We have considered rival submissions and perused the materials on record. Insofar as the legal grounds raised by the assessee challenging the validity of reopening of assessment, it is observed, though, the assessee has entered into substantial financial transactions in the year under consideration and also earned income, however, he has not filed any return of income voluntarily in terms of section 139(1) of the Act. In fact, even after issuance of notice under section 148 of the Act on 30.03.2017, the assessee did not file any return of income and after much dilly-dallying, the assessee filed return of income declaring profit from business at Rs.4,50,000/- and after setoff of loss of share transaction, offered income of Rs.65,780/-. It is further evident, the assessee has mostly remained non-cooperative and has not furnished the details called for by the Assessing Officer. Thus, from the conduct of the assessee, it appears that, he was not prepared to comply with the obligations under the Act by filing return of income and discharging his tax liability.

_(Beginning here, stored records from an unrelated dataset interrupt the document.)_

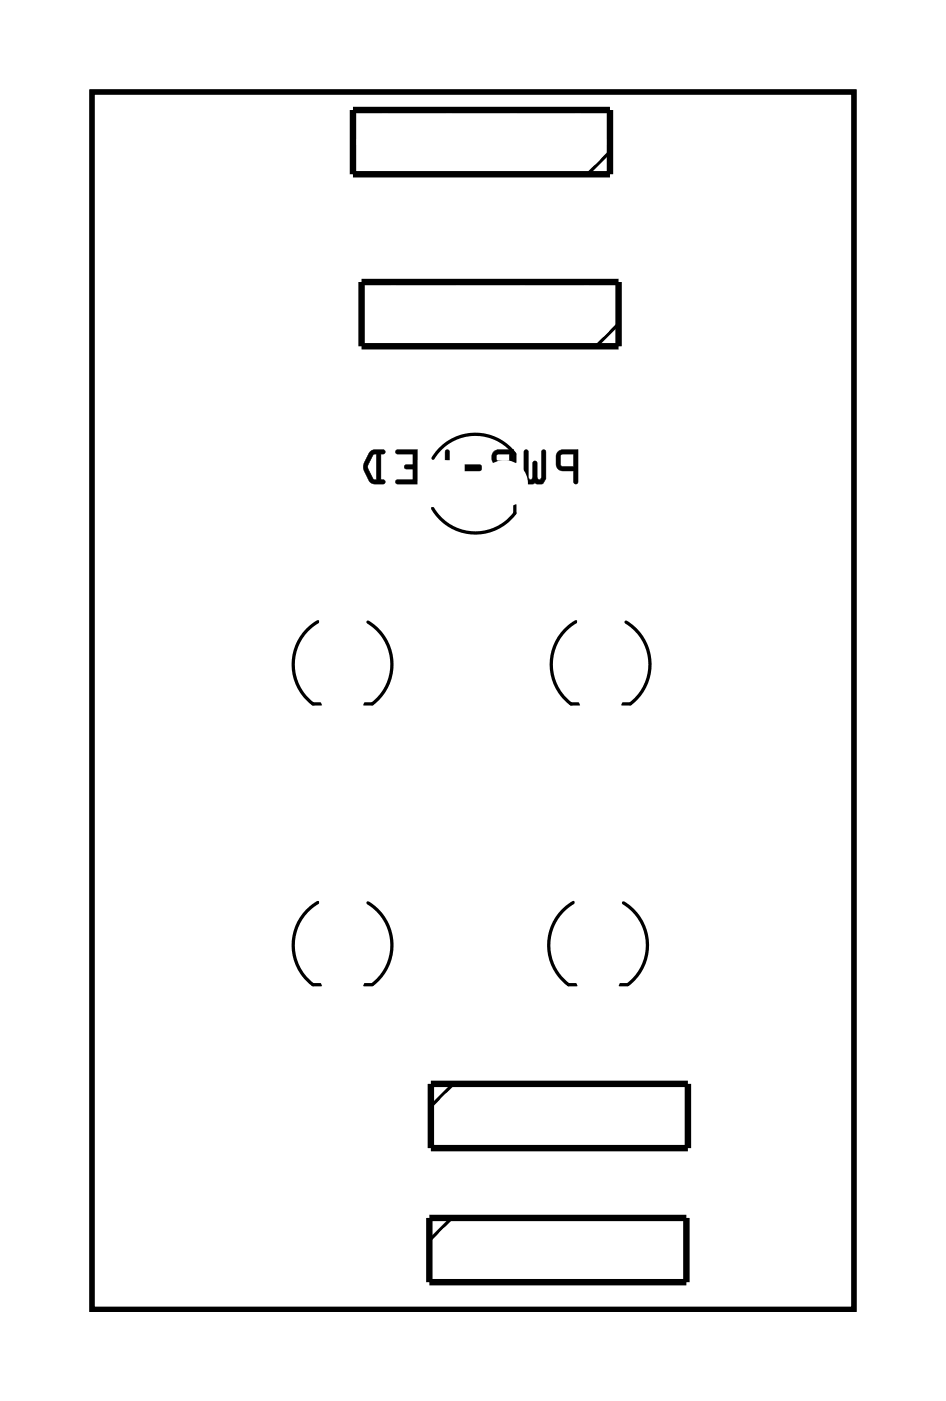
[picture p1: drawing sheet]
<svg xmlns="http://www.w3.org/2000/svg" width="37mm" height="55mm" viewBox="0 0 37 55" stroke-linecap="round" stroke-linejoin="round" font-family="sans-serif">
<path d="M3.6 3.6h30.2v48.2h-30.2z" fill="none" stroke="#000" stroke-width=".2"/>
<path d="M3.6 3.6h30.2v48.2h-30.2z" fill="none" stroke="#000" stroke-width=".04"/>
<path d="M14 4.3h10.1v2.6h-10.1zM14.3 11.1h10.2v2.6h-10.2zM17 48.1h10.1v2.6h-10.1zM17 42.8h10.2v2.6h-10.2z" fill="none" stroke="#000" stroke-width=".25"/>
<g fill="none" stroke="#000" stroke-width=".13">
<path d="M17.1 18.1a1.95 1.95 0 0 1 3.2-.2l.1 .4M20.4 20a.97 .97 0 0 1-.9 .9 1.95 1.95 0 0 1-2.4-.8M24.1 6l-.9 .9M24.5 12.8l-.9 .9M12.6 24.6a1.95 1.95 0 0 0-.2 3.2h.3M12.6 35.7a1.95 1.95 0 0 0-.2 3.2h.3M14.4 27.8h.3M14.4 38.9h.3M14.5 24.6a1.95 1.95 0 0 1 .2 3.2M14.5 35.7a1.95 1.95 0 0 1 .2 3.2M22.7 35.7a1.95 1.95 0 0 0-.2 3.2h.3M22.8 24.6a1.95 1.95 0 0 0-.2 3.2h.3"/>
<path d="M24.5 38.9h.3M24.6 27.8h.3M24.6 35.7a1.95 1.95 0 0 1 .2 3.2M24.7 24.6a1.95 1.95 0 0 1 .2 3.2M17.9 48.1l-.9 .9M17.9 42.8l-.9 .9"/>
</g>
<g fill="#000">
<path d="M22.1 17.9l-.1 .1v.5l.1 .1h.6v.5h.1v-1.3zM22.2 18h.5v.4h-.5zM20.7 17.8v1.1l.1 .2h.6l.2-.2v-1.1h-.1l-.1 .1v1l-.1 .1-.1-.1v-.6l-.1-.1v.1v.6l-.2 .1v-1.1zM19.5 17.9a.32 .32 0 0 0 0 .3 .32 .32 0 0 0 .3 .2l-.4 .7h.2l.4-.7h.1v.6l.2 .1v-1.3zM19.6 18h.5v.2h-.4zM18.2 18.4v.2h.1h.7v-.1v-.1zM17.6 17.8v1.2h-.6v.1h.8v-1.2zM15.7 17.8v.1l.6 .1v.4h-.3v.1h.3v.5h-.6l-.1 .1h.9v-1.3zM14.6 17.9a.81 .81 0 0 0 0 1.2h.5l.1-.1h-.1v-1l.1-.1v-.1h-.4zM14.8 18h.1v1l-.2-.1-.2-.4z"/>
<path d="M22.1 17.8l-.1 .2v.5l.1 .1h.6v.4a.1 .1 0 0 0 .1 .1 .1 .1 0 0 0 .1-.1v-1.2h-.7zM22.1 17.9l.7-.1v1.3h-.1v-.5h-.6l-.1-.1zM22.2 18h.5v.4h-.5zM22.2 18v.4l.5 .1v-.6zM20.7 17.8v1.1l.2 .2h.2h.4l.1-.2v-1a.1 .1 0 0 0-.1-.1 .1 .1 0 0 0-.1 .1v1.1l-.2-.1v-.6a.1 .1 0 0 0-.1-.1 .1 .1 0 0 0-.1 .1l.1 .6-.2 .1v-1.1zM20.7 17.8l.2 .1v1.1l.2-.1v-.7l.1 .1v.6l.1 .1 .1-.1v-1l.1-.1h.1v1.1l-.2 .2h-.3h-.3l-.1-.2zM19.5 17.8a.32 .32 0 0 0 0 .4 .32 .32 0 0 0 .3 .2l-.4 .6a.1 .1 0 0 0 .1 .1 .1 .1 0 0 0 .1 0l.4-.7h.1v.6a.1 .1 0 0 0 .1 .1 .1 .1 0 0 0 .1-.1v-1.2h-.6zM19.5 17.9l.8-.1v1.3l-.2-.1v-.6h-.1l-.4 .7h-.1l.3-.7a.31 .31 0 0 1-.3-.2 .31 .31 0 0 1 0-.3zM19.6 18h.5v.2h-.4zM19.6 18l.1 .2h.4v-.3zM18.2 18.4v.2h.1h.7v-.1v-.1zM18.2 18.4h.8v.1v.1h-.7zM17.6 17.8v1.2h-.6a.1 .1 0 0 0-.1 .1 .1 .1 0 0 0 .1 0h.8v-1.2zM17.6 17.8l.2 .1v1.2h-.8v-.1h.6zM15.6 17.8l.1 .2h.6v.4h-.2a.1 .1 0 0 0-.1 .1 .1 .1 0 0 0 .1 .1l.2-.1v.5h-.6a.1 .1 0 0 0-.1 .1 .1 .1 0 0 0 .1 0h.8v-1.3zM15.7 17.8h.8v1.3h-.9l.1-.1h.6v-.5h-.3v-.1h.3v-.5h-.6zM14.6 17.9l-.2 .5v.2l.3 .5h.4a.1 .1 0 0 0 .1 0 .1 .1 0 0 0-.1-.1v-1a.1 .1 0 0 0 .1-.1 .1 .1 0 0 0-.1-.1zM14.6 17.9l.2-.1h.4v.1h-.2v1.1h.2v.1h-.5l-.3-.5v-.3zM14.8 18h.1v1l-.2-.1-.2-.4zM14.8 18l-.3 .5 .2 .4 .2 .1v-1.1z"/>
</g>
<circle cx="18.2" cy="49.4" r=".74" fill="#fff"/>
<circle cx="18.2" cy="49.4" r=".74" fill="none" stroke="#fff" stroke-width=".76" stroke-linecap="butt"/>
<circle cx="20.8" cy="49.4" r=".74" fill="#fff"/>
<circle cx="20.8" cy="49.4" r=".74" fill="none" stroke="#fff" stroke-width=".76" stroke-linecap="butt"/>
<circle cx="23.3" cy="49.4" r=".74" fill="#fff"/>
<circle cx="23.3" cy="49.4" r=".74" fill="none" stroke="#fff" stroke-width=".76" stroke-linecap="butt"/>
<circle cx="25.9" cy="49.4" r=".74" fill="#fff"/>
<circle cx="25.9" cy="49.4" r=".74" fill="none" stroke="#fff" stroke-width=".76" stroke-linecap="butt"/>
<circle cx="22.8" cy="5.6" r=".74" fill="#fff"/>
<circle cx="22.8" cy="5.6" r=".74" fill="none" stroke="#fff" stroke-width=".76" stroke-linecap="butt"/>
<circle cx="20.3" cy="5.6" r=".74" fill="#fff"/>
<circle cx="20.3" cy="5.6" r=".74" fill="none" stroke="#fff" stroke-width=".76" stroke-linecap="butt"/>
<circle cx="17.8" cy="5.6" r=".74" fill="#fff"/>
<circle cx="17.8" cy="5.6" r=".74" fill="none" stroke="#fff" stroke-width=".76" stroke-linecap="butt"/>
<circle cx="15.2" cy="5.6" r=".74" fill="#fff"/>
<circle cx="15.2" cy="5.6" r=".74" fill="none" stroke="#fff" stroke-width=".76" stroke-linecap="butt"/>
<circle cx="17.4" cy="19.1" r=".6" fill="#fff"/>
<circle cx="17.4" cy="19.1" r=".6" fill="none" stroke="#fff" stroke-width=".65" stroke-linecap="butt"/>
<path d="M16.8 18.5h1.2v1.2h-1.2z" fill="#fff"/>
<path d="M16.8 18.5h1.2v1.2h-1.2z" fill="none" stroke="#fff" stroke-width=".65" stroke-linecap="butt"/>
<circle cx="19.9" cy="19.1" r=".6" fill="#fff"/>
<circle cx="19.9" cy="19.1" r=".6" fill="none" stroke="#fff" stroke-width=".65" stroke-linecap="butt"/>
<circle cx="13.5" cy="24.9" r=".6" fill="#fff"/>
<circle cx="13.5" cy="24.9" r=".6" fill="none" stroke="#fff" stroke-width=".65" stroke-linecap="butt"/>
<path d="M12.9 24.3h1.2v1.2h-1.2z" fill="#fff"/>
<path d="M12.9 24.3h1.2v1.2h-1.2z" fill="none" stroke="#fff" stroke-width=".65" stroke-linecap="butt"/>
<circle cx="13.5" cy="27.4" r=".6" fill="#fff"/>
<circle cx="13.5" cy="27.4" r=".6" fill="none" stroke="#fff" stroke-width=".65" stroke-linecap="butt"/>
<circle cx="13.5" cy="36" r=".6" fill="#fff"/>
<circle cx="13.5" cy="36" r=".6" fill="none" stroke="#fff" stroke-width=".65" stroke-linecap="butt"/>
<path d="M12.9 35.4h1.2v1.2h-1.2z" fill="#fff"/>
<path d="M12.9 35.4h1.2v1.2h-1.2z" fill="none" stroke="#fff" stroke-width=".65" stroke-linecap="butt"/>
<circle cx="13.5" cy="38.5" r=".6" fill="#fff"/>
<circle cx="13.5" cy="38.5" r=".6" fill="none" stroke="#fff" stroke-width=".65" stroke-linecap="butt"/>
<circle cx="23.6" cy="36" r=".6" fill="#fff"/>
<circle cx="23.6" cy="36" r=".6" fill="none" stroke="#fff" stroke-width=".65" stroke-linecap="butt"/>
<path d="M23 35.4h1.2v1.2h-1.2z" fill="#fff"/>
<path d="M23 35.4h1.2v1.2h-1.2z" fill="none" stroke="#fff" stroke-width=".65" stroke-linecap="butt"/>
<circle cx="23.6" cy="38.5" r=".6" fill="#fff"/>
<circle cx="23.6" cy="38.5" r=".6" fill="none" stroke="#fff" stroke-width=".65" stroke-linecap="butt"/>
<circle cx="18.3" cy="44.1" r=".74" fill="#fff"/>
<circle cx="18.3" cy="44.1" r=".74" fill="none" stroke="#fff" stroke-width=".76" stroke-linecap="butt"/>
<circle cx="20.8" cy="44.1" r=".74" fill="#fff"/>
<circle cx="20.8" cy="44.1" r=".74" fill="none" stroke="#fff" stroke-width=".76" stroke-linecap="butt"/>
<circle cx="23.4" cy="44.1" r=".74" fill="#fff"/>
<circle cx="23.4" cy="44.1" r=".74" fill="none" stroke="#fff" stroke-width=".76" stroke-linecap="butt"/>
<circle cx="25.9" cy="44.1" r=".74" fill="#fff"/>
<circle cx="25.9" cy="44.1" r=".74" fill="none" stroke="#fff" stroke-width=".76" stroke-linecap="butt"/>
<circle cx="23.2" cy="12.4" r=".74" fill="#fff"/>
<circle cx="23.2" cy="12.4" r=".74" fill="none" stroke="#fff" stroke-width=".76" stroke-linecap="butt"/>
<circle cx="20.6" cy="12.4" r=".74" fill="#fff"/>
<circle cx="20.6" cy="12.4" r=".74" fill="none" stroke="#fff" stroke-width=".76" stroke-linecap="butt"/>
<circle cx="18.1" cy="12.4" r=".74" fill="#fff"/>
<circle cx="18.1" cy="12.4" r=".74" fill="none" stroke="#fff" stroke-width=".76" stroke-linecap="butt"/>
<circle cx="15.6" cy="12.4" r=".74" fill="#fff"/>
<circle cx="15.6" cy="12.4" r=".74" fill="none" stroke="#fff" stroke-width=".76" stroke-linecap="butt"/>
<circle cx="23.7" cy="24.9" r=".6" fill="#fff"/>
<circle cx="23.7" cy="24.9" r=".6" fill="none" stroke="#fff" stroke-width=".65" stroke-linecap="butt"/>
<path d="M23.1 24.3h1.2v1.2h-1.2z" fill="#fff"/>
<path d="M23.1 24.3h1.2v1.2h-1.2z" fill="none" stroke="#fff" stroke-width=".65" stroke-linecap="butt"/>
<circle cx="23.7" cy="27.4" r=".6" fill="#fff"/>
<circle cx="23.7" cy="27.4" r=".6" fill="none" stroke="#fff" stroke-width=".65" stroke-linecap="butt"/>
</svg>

It is observed, the assessee in course of assessment proceeding, has not furnished any supporting evidence, either to explain the source of cash deposit in the saving bank account or share transaction, for which loss was claimed. Even, at the time of hearing before me, in response to query raised, learned counsel for the assessee repeated the stand taken before the Assessing Officer that after expiry of three years, the assessee cannot be called upon to furnish any evidence or account.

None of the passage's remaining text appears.